→ **DIRECTIONS**
Restate word for word only the lines running from the one with "#10 plate [649,123,780,197]" to the end of the data, both ends included. Omit any pictures.

++++++++++

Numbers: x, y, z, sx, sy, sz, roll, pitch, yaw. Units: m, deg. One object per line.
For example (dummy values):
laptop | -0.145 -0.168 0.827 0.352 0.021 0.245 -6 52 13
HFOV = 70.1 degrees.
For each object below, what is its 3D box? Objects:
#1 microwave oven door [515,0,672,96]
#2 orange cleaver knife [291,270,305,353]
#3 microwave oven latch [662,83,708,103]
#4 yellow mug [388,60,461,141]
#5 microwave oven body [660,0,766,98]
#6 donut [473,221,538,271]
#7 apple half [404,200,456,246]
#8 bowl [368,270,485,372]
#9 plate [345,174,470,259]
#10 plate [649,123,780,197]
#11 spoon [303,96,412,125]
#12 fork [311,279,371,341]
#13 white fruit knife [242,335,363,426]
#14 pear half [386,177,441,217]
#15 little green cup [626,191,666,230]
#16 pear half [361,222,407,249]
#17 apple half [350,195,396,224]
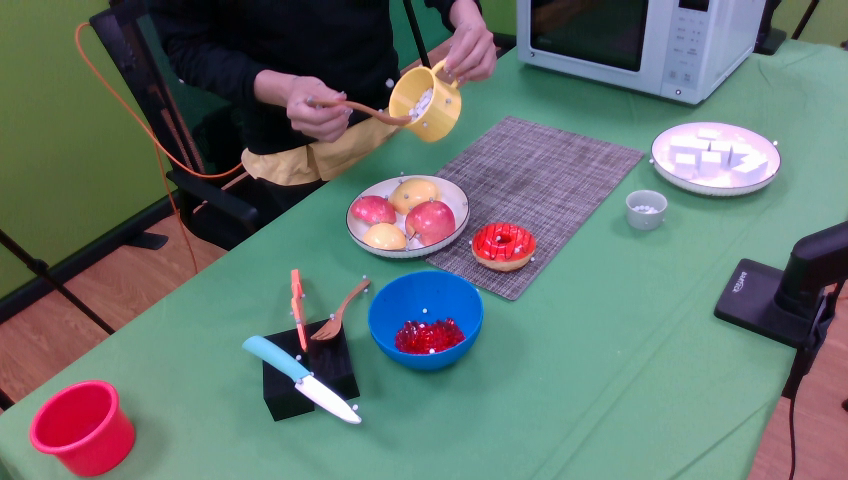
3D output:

++++++++++

→ **ANSWER SECTION**
#10 plate [649,123,780,197]
#11 spoon [303,96,412,125]
#12 fork [311,279,371,341]
#13 white fruit knife [242,335,363,426]
#14 pear half [386,177,441,217]
#15 little green cup [626,191,666,230]
#16 pear half [361,222,407,249]
#17 apple half [350,195,396,224]
3D output:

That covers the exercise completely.